Saved data entries:
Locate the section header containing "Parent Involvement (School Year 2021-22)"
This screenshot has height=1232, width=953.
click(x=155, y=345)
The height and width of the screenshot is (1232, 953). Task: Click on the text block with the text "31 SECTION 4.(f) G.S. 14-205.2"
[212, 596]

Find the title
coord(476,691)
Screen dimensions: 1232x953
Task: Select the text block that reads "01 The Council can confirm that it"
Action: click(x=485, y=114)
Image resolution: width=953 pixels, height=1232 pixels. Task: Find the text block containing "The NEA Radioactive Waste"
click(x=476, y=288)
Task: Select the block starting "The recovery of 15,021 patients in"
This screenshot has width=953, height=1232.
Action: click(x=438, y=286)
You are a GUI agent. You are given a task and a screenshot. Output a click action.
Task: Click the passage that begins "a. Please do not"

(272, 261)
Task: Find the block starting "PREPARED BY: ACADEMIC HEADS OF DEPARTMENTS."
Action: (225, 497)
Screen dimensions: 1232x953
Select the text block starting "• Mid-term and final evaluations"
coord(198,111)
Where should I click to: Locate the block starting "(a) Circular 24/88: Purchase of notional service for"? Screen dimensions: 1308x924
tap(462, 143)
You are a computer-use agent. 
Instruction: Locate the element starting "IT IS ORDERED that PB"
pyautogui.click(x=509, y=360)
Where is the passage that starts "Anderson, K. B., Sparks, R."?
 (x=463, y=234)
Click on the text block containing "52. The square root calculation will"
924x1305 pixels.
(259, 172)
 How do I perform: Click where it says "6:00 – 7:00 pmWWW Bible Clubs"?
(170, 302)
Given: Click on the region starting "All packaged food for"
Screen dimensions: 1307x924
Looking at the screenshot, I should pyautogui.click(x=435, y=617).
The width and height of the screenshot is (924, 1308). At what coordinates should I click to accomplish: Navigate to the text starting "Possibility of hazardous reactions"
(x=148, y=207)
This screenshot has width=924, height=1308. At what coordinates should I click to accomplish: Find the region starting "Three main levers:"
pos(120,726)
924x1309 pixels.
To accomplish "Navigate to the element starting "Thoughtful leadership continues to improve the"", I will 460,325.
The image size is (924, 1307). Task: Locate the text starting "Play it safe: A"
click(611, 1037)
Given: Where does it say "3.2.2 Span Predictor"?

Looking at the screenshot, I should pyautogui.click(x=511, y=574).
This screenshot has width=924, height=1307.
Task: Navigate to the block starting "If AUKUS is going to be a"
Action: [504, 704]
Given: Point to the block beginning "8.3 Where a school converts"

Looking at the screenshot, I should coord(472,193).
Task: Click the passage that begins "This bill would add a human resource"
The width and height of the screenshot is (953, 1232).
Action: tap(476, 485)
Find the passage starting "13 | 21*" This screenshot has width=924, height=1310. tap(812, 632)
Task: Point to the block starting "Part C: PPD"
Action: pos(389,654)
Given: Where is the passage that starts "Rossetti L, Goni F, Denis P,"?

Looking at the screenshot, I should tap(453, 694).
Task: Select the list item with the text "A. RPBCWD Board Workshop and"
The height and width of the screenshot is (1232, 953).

What to work on:
Wherever the string "will" appears in the entries above, return the line it appears on.

Written response:
Click on the text block containing "52. The square root calculation will"
To accomplish "Navigate to the element starting "Thoughtful leadership continues to improve the"", I will 460,325.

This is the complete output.